Da ist es auch kein Wunder, dass SA die Dateien anfasst und durchscannt. Ich sags mal so:

SMTP an sich funktioniert wunderbar. Es hat auch die letzten Jahre wunderbar funktioniert. Bis dann irgendwelche Knallköpfe angefangen haben, Spam zu verschicken. Oder auch Viren, die sich per Mail selbst verbreiten. Ich vergleiche es immer mit etwas aus der realen Welt.
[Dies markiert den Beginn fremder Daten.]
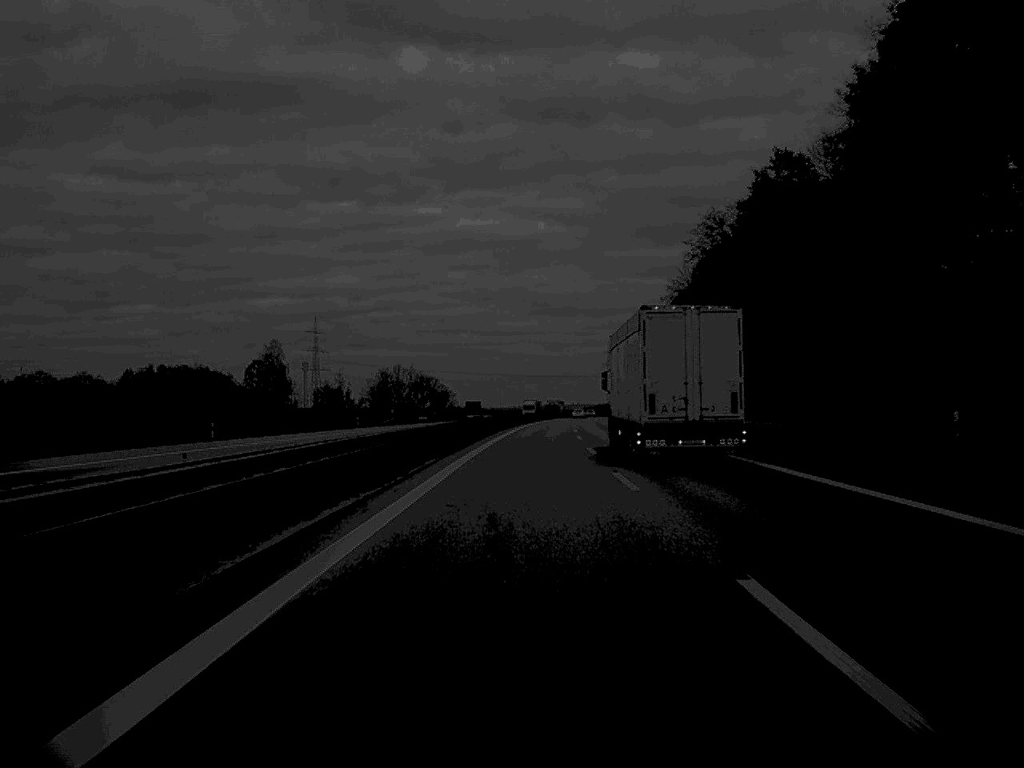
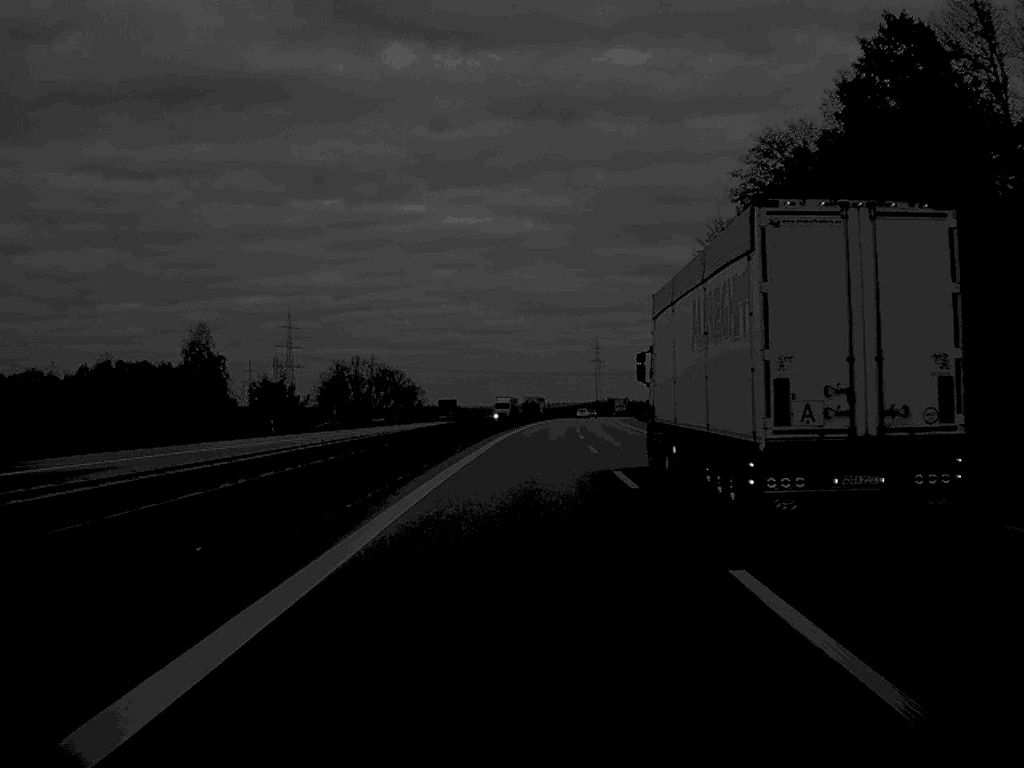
(+0.2, +34.8) m; +1°
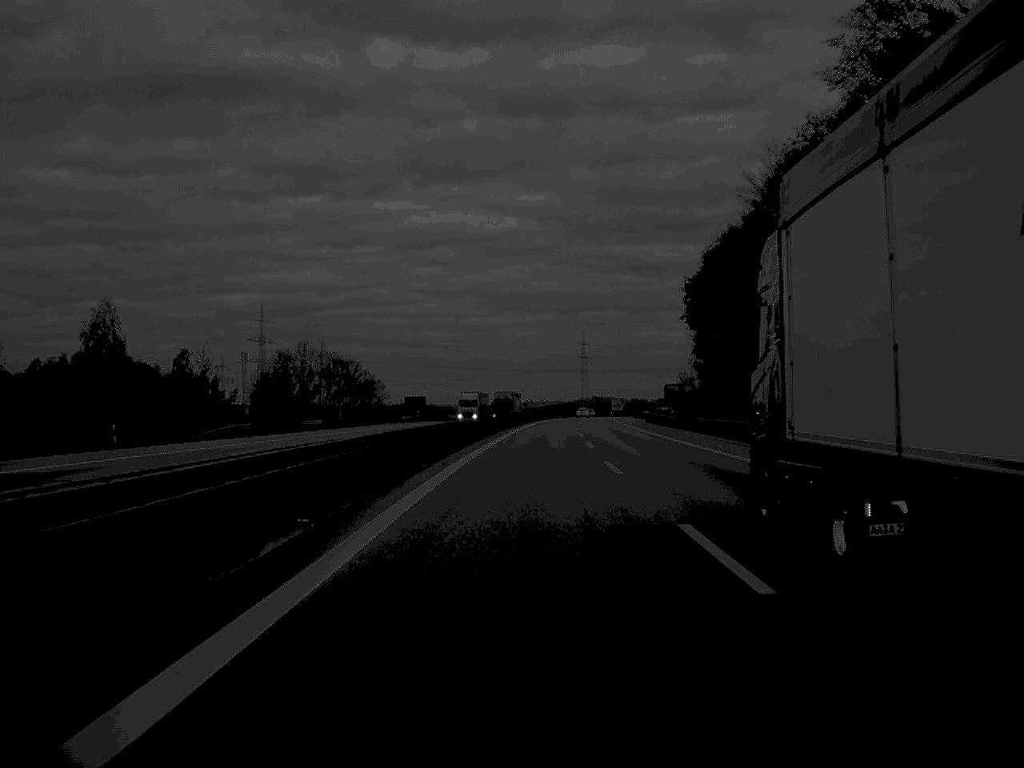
(+0.2, +31.8) m; +1°
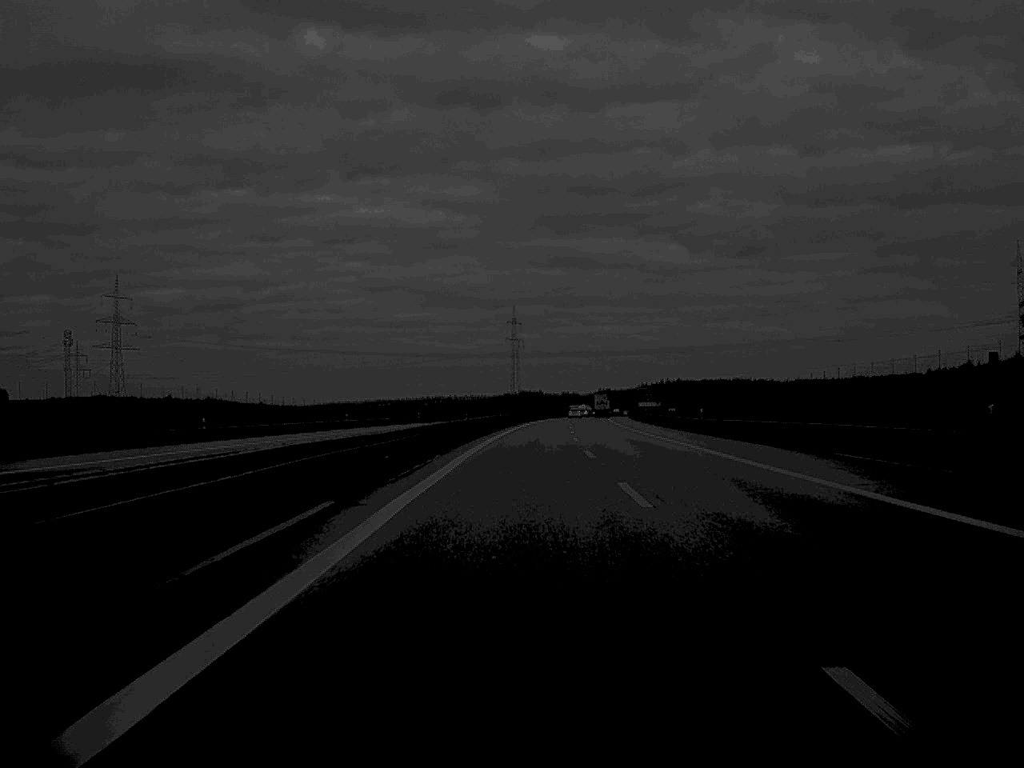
(+3.9, +134.6) m; +3°
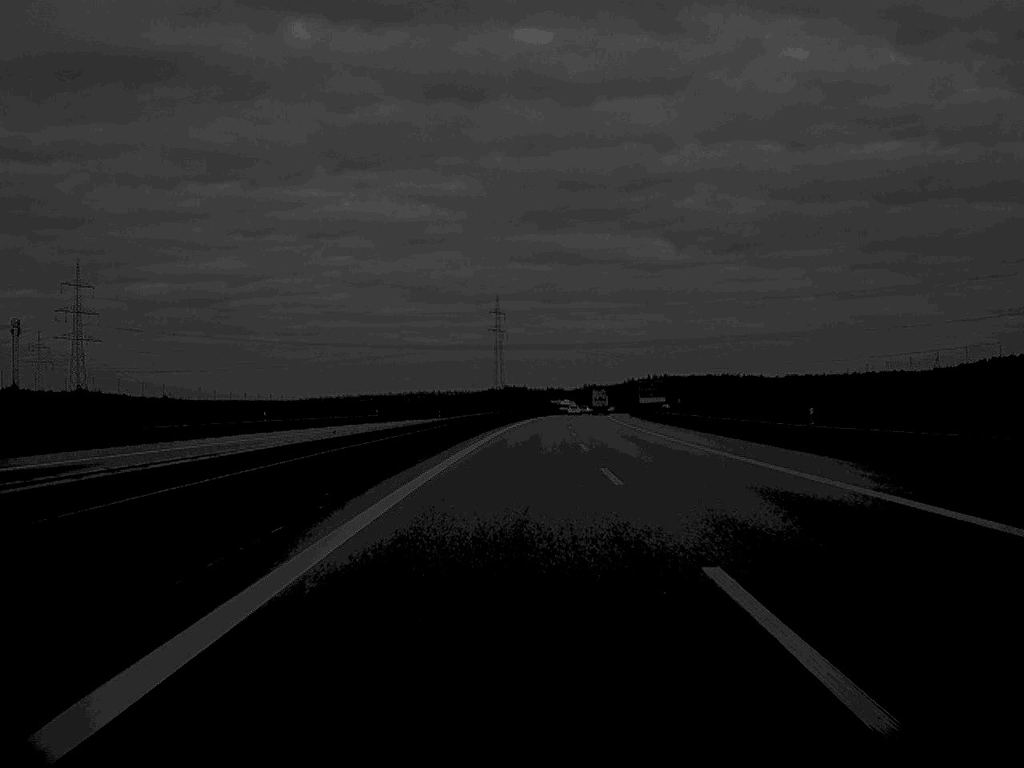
(+0.2, +31.8) m; +1°

Es gibt mehr Leute, die Wände beschmieren, Fenster einschlagen oder zerkratzen oder Sitze in öffentlichen Verkehrsmitteln aufschneiden, als die sozialeren, die z.B. der Oma über die Straße helfen oder freiwillig Blumen pflanzen gehen, damit die Stadt schöner ausschaut.

----------

## m.b.j.

 *LL0rd wrote:*   

> Naja, die Dateien im Anhang der Datei hatten folgenden Header:
> 
> Content-Type: text/plain;
> 
> 

 

dxf ist ein ASCII-Format, dann war meine Vermutung mit base64 auch Murks  :Wink: 

Jetzt sollte ich vor lauter Frust eine Scheibe einschlagen *G*.

----------